We have a table that contains, for this example, links to demographic questions (questionID) for each subscriber, with a date indicating when the subscriber answered a particular demographic question. In some cases, a subscriber may have answered the same question again at a later date, and we now have multiple records for the same subscriber and questionID, but with different answer dates (see sample data):
subscriberID questionID dateAnswered isDeleted
------------ ----------- ----------------------- ---------
100 559 2015-07-29 13:07:26.153 0
100 560 2015-07-29 13:07:26.153 0
100 561 2015-07-29 13:07:26.153 0
100 562 2015-07-29 13:07:26.153 0
100 575 2015-07-29 13:07:26.153 0
102 559 2015-07-30 15:12:46.143 0
102 564 2015-07-30 15:12:46.143 0
102 588 2015-07-30 15:12:46.143 0
102 559 2015-07-31 16:11:53.323 0
114 575 2015-08-21 11:27:14.253 0
114 588 2015-08-21 11:27:14.253 0
114 560 2015-08-21 11:27:14.253 0
114 588 2015-08-24 05:44:42.030 0
114 562 2015-08-21 11:27:14.253 0
114 575 2015-08-24 05:44:42.030 0
The app that was storing the answers should have flagged the older records as "deleted" (set isDeleted = 1) but it did not do so, and I now need to clean up the older records.
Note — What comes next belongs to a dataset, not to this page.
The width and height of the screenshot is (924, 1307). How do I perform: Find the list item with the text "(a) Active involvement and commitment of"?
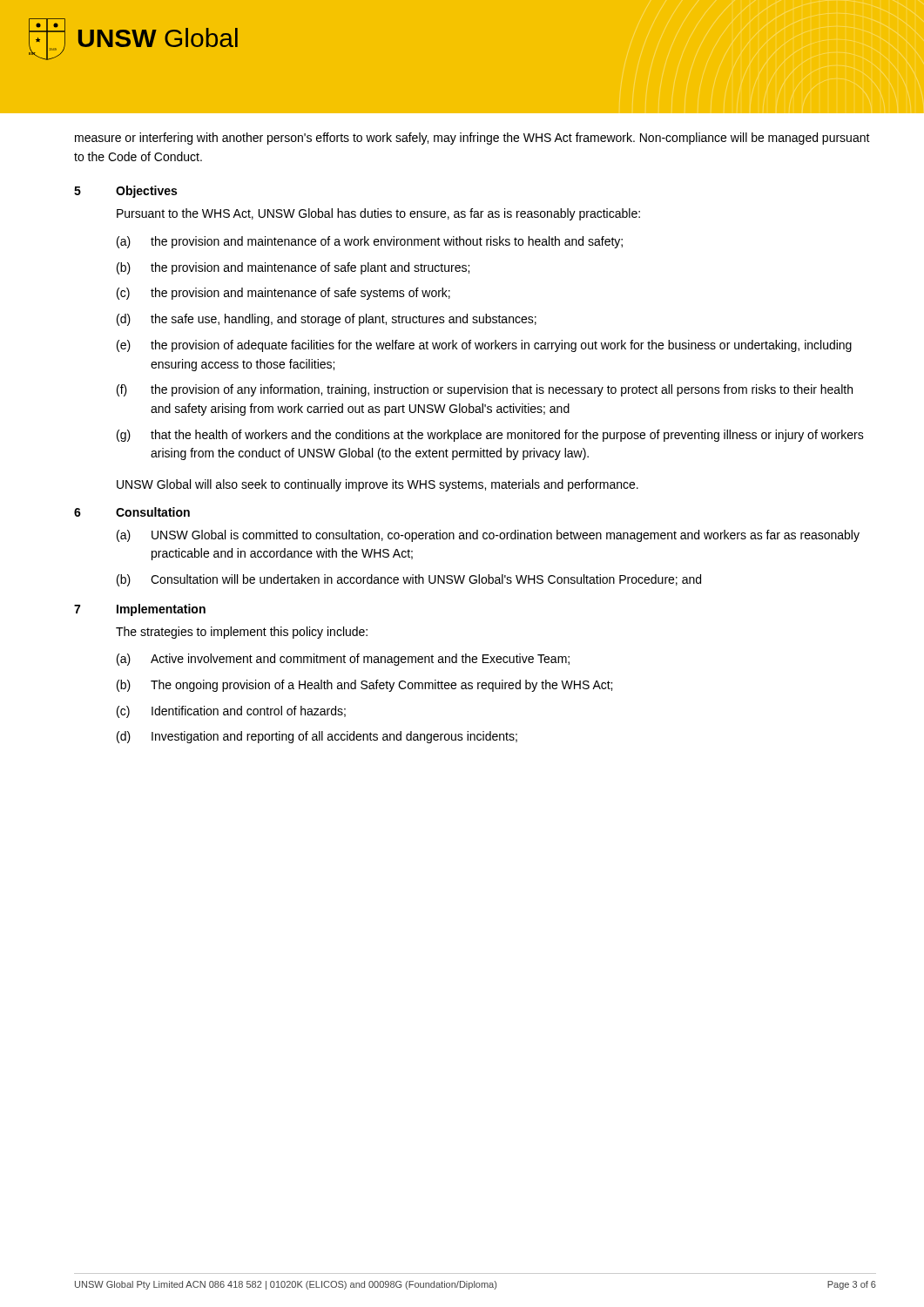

This seems like it should be simple, but it's got me stumped. How do I (a) select any records where there are duplicate subscriberID and questionIDs but with different answer dates? And (b) how do I do an update to set all but the newest records for each subscriber to have isDeleted=1?
Any help would be appreciated! I suspect a self join may be in order, but I haven't figured it out yet. Thus the question!